I’ve talked about the best vitamins for women to take in general, but what about the prenatal vitamins a woman needs when she’s pregnant? When you compare a woman’s multivitamin to a woman’s prenatal vitamin, the prenatal vitamin typically contains more folate and iron. A woman’s increased nutritional needs during pregnancy are the result of two things: the physiologic changes of the mother and the metabolic demands of the fetus.
A nutrition-rich pregnancy diet is not just vital to the mother’s health — it’s also essential to the healthy development of her offspring now and into adulthood. Specific nutrient deficiencies have been shown to lead to congenital abnormalities and birth defects in babies.
Additionally, gestational undernutrition has been shown to raise the offspring’s susceptibility to chronic disease in adulthood, including diabetes, hypertension, coronary artery disease and stroke. (1)
Prenatal supplementation might reduce maternal morbidity and mortality directly by treating a pregnancy-related illness or indirectly by lowering the risk of complications at delivery. Folate and iron are the two nutrients that have been shown to be the most crucial supplements during pregnancy. (2)
Is it possible to fulfill all of your nutritional needs during pregnancy with a healthy diet alone? Read on to find out more about the most important nutrient needs during pregnancy, and I’ll also tell you what to look for when choosing the best over-the-counter prenatal vitamins.

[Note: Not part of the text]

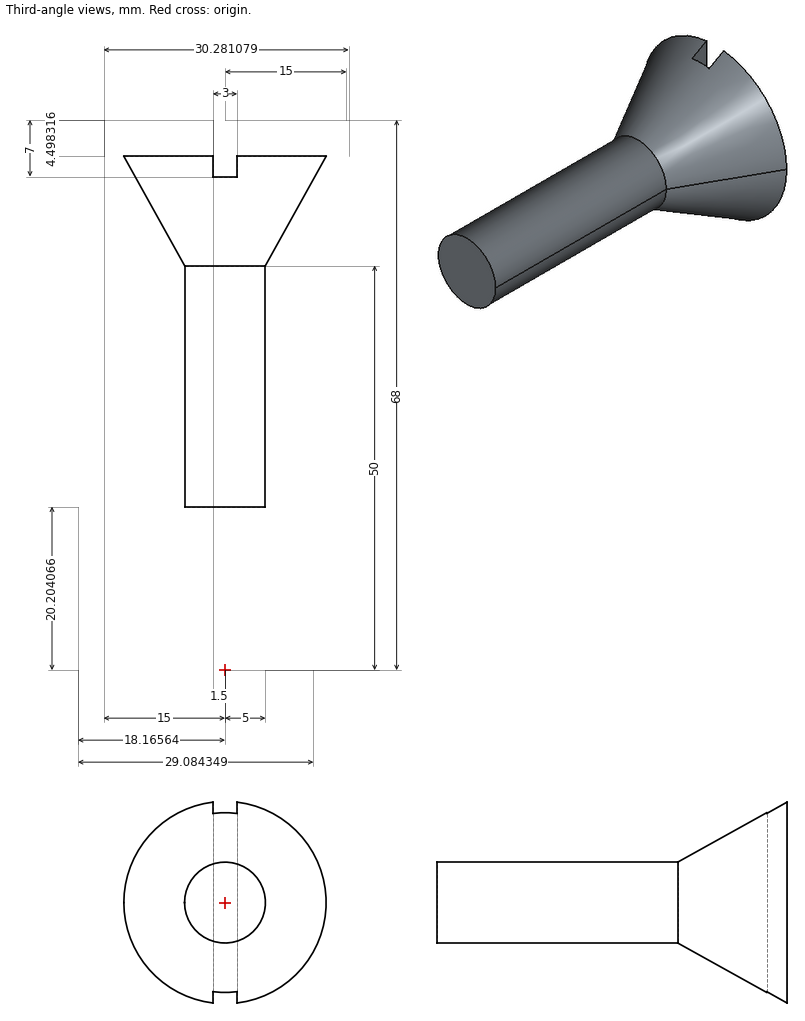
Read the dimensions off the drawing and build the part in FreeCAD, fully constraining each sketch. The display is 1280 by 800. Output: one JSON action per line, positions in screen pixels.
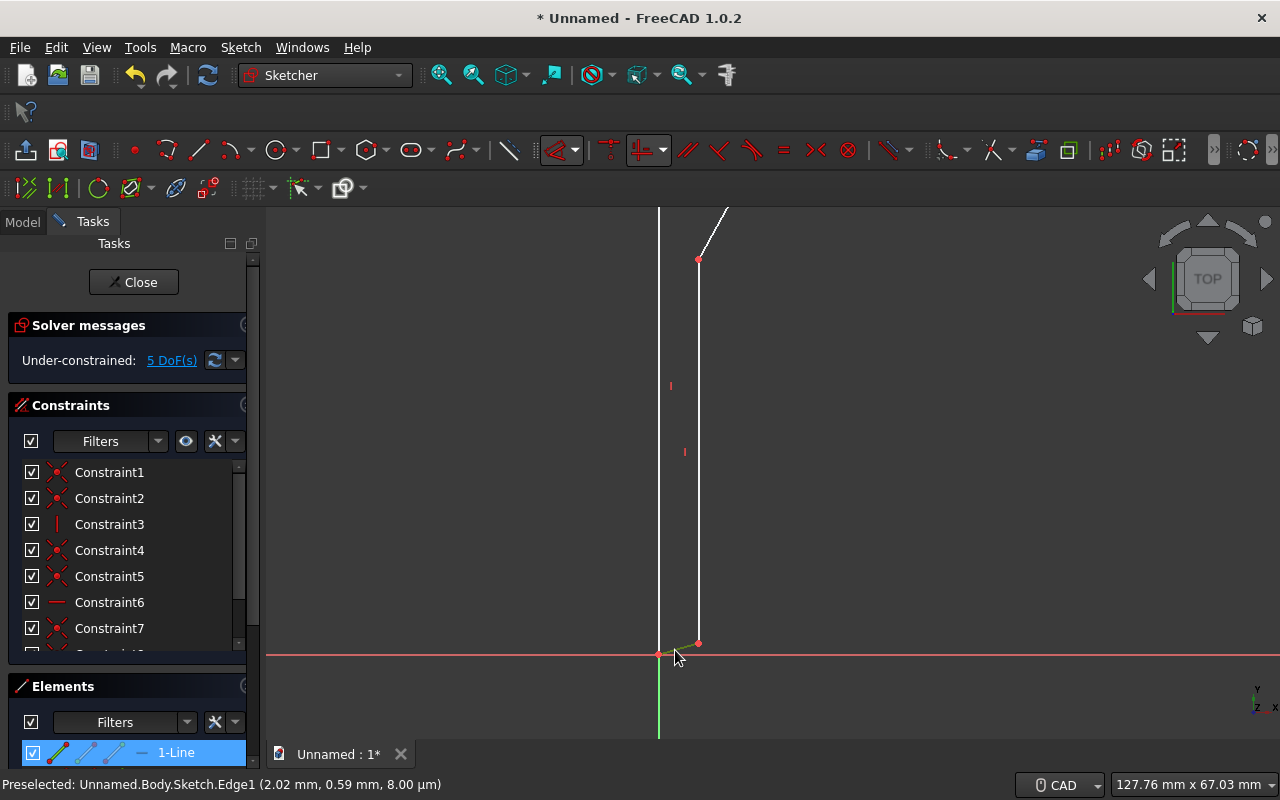
{"action": "left_click", "coordinate": [666, 150]}

Iron-deficiency anemia is extremely common in pregnancy. When you’re pregnant, the amount of blood in your body increases until you have almost twice as much as normal. This causes your body to require more iron to make more hemoglobin for all that extra blood. You also need more iron for your growing baby and placenta.
Although an iron deficiency is the most common reason for nutritional anemia in the world, folate deficiency is considered as the second most common cause and often co-exists with iron deficiency, which is one of the reasons folate is so crucial to a healthy pregnancy.
Pregnant women can be low in omega-3 fatty acids, especially when omega-3 foods aren’t consumed on a regular basis. If you don’t eat fish or other foods high in omega-3 fatty acids, then your health care provider will likely recommend omega-3 fatty acid supplements in addition to prenatal vitamins.
If you have previously given birth to a baby with a neural tube defect, then your health care provider might likely suggest taking a higher dose than normal of a folate supplement before and during any subsequent pregnancies. (3)
If you’re a pregnant vegetarian and don’t consume animal products, then the nutrients that you’ll likely need to supplement include vitamin B12, zinc, iron and omega-3 fatty acids like DHA. (4) You can look for supplements that contain these vitamins plus DHA from a vegetarian source like algae.
Best Prenatal Vitamins
A pregnant woman’s energy requirements increase by an estimated 300 calories per day during pregnancy, while protein requirements go up to 75 grams per day.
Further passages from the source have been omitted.